I'm a little late to the game, but I would Rub it, wrap in Cheese cloth or cotton tea towels, and place it on a rack in a pan...It can Dry age, uncovered, in the Beer fridge for a week no problem , just re-wrap it every 2 days and you will be good to go...JJ


----------



## subotai (Dec 26, 2011)

If the rub contains salt then the extra time the brisket sits in the fridge will certainly draw more water from the meat.  This will should become visable pretty quickly in the form of bloody water pooling around the meat.  Some smokehouse rub the meat and let it sit for a few days to give flavor to the meat while using the salt to take out excess moisture from the meat (something like quick dry aging).  We like to rub our beef briskets 24 hours before smoking, but it is all personal prefarance.  We have tested 24 hours, 48 hours, 72 hours and 96 hours.  The meat definatly changes a little with extended time in the fridge while the meat is rubbed.  We noticed end product tends to be a little drier with the test briskets sitting for over 48 hours.  We speculate the cause is the salt having extra time to extract more moisture from the meat.  It might be a good idea to smoke or cook the brisket now, then cool it off and keep in the fridge till the new years party.  This way the cooking process will stop the salt from doing its thing and "set" the meat in place.  We have had briskets cooked and held in cooler and as long as the meat was wrapped tightly after cooking reheating it was NEVER an issue.  Most people that smoke brisket will tell you that it is easy to smoke a whole brisket and wrap up portions kept in the fridge and freezer and kept properly and reheated they will taste as good as the day you smoked them.  Just my thoughts....


----------



## sprky (Dec 26, 2011)

Just my 2 cents. 

If you rub it smoke it with in 24 hours or freeze it.
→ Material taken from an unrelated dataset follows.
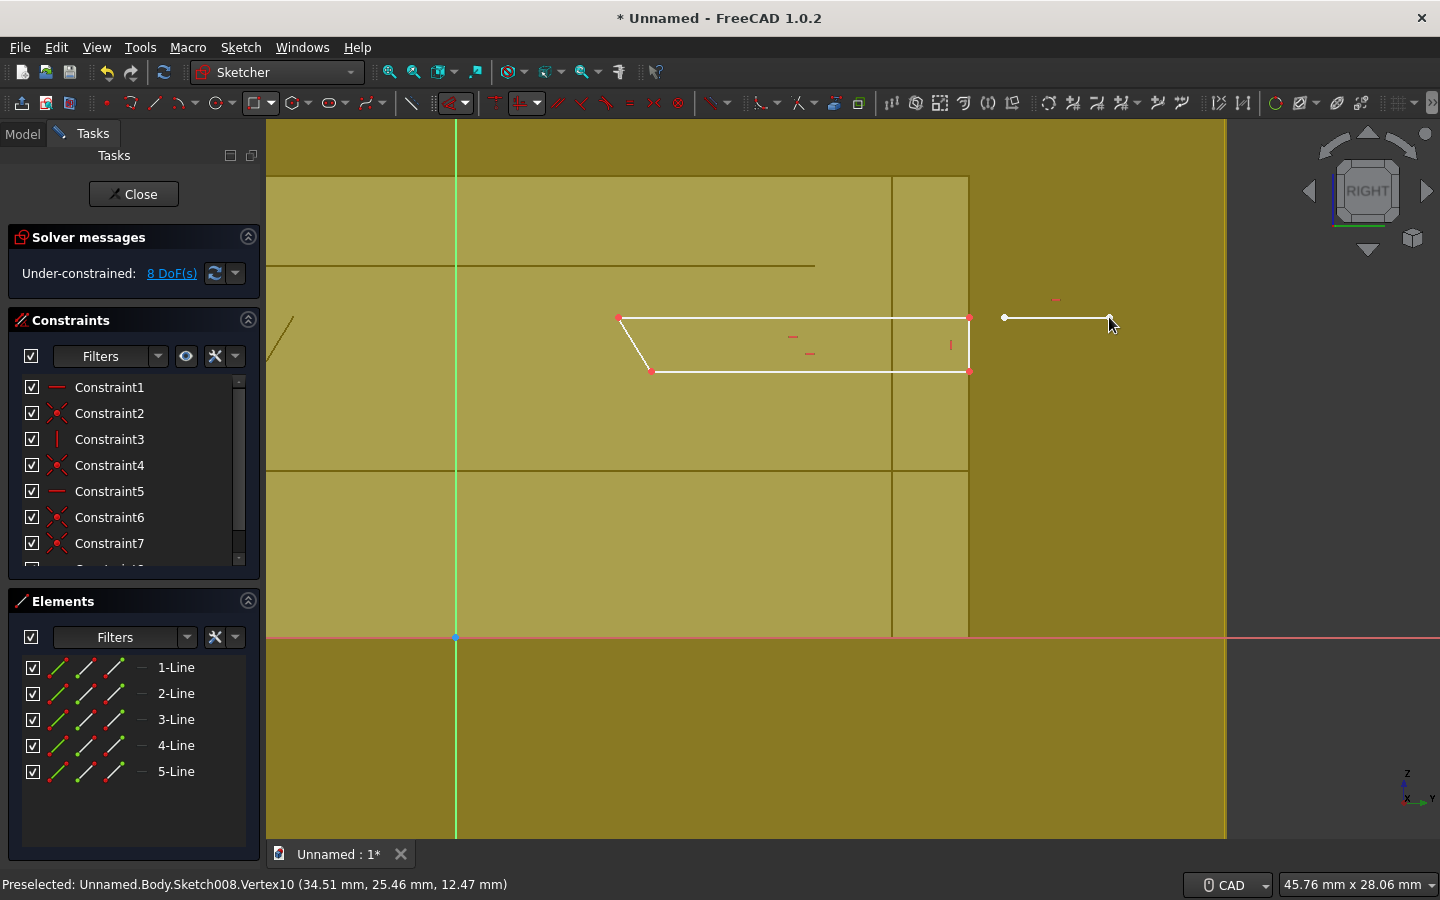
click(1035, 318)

Reason I say this is the salt is going to draw moisture out and you want all you can get in there. I smoked a brisket that had been in fridge rubbed for almost 3 days and it was much dryer. You could inject apple juice or wine before ya smoke to help with the drying out, but doing that will also change the flavor. Another thought on rubbed for almost a week is it may impart more of the rub into the meat and become over powering, I cant say for sure as I have never dont this, however I do have more of a rub taste when i allow my brisket to sit for 24 hours verses 12. Just some food for thought there.


----------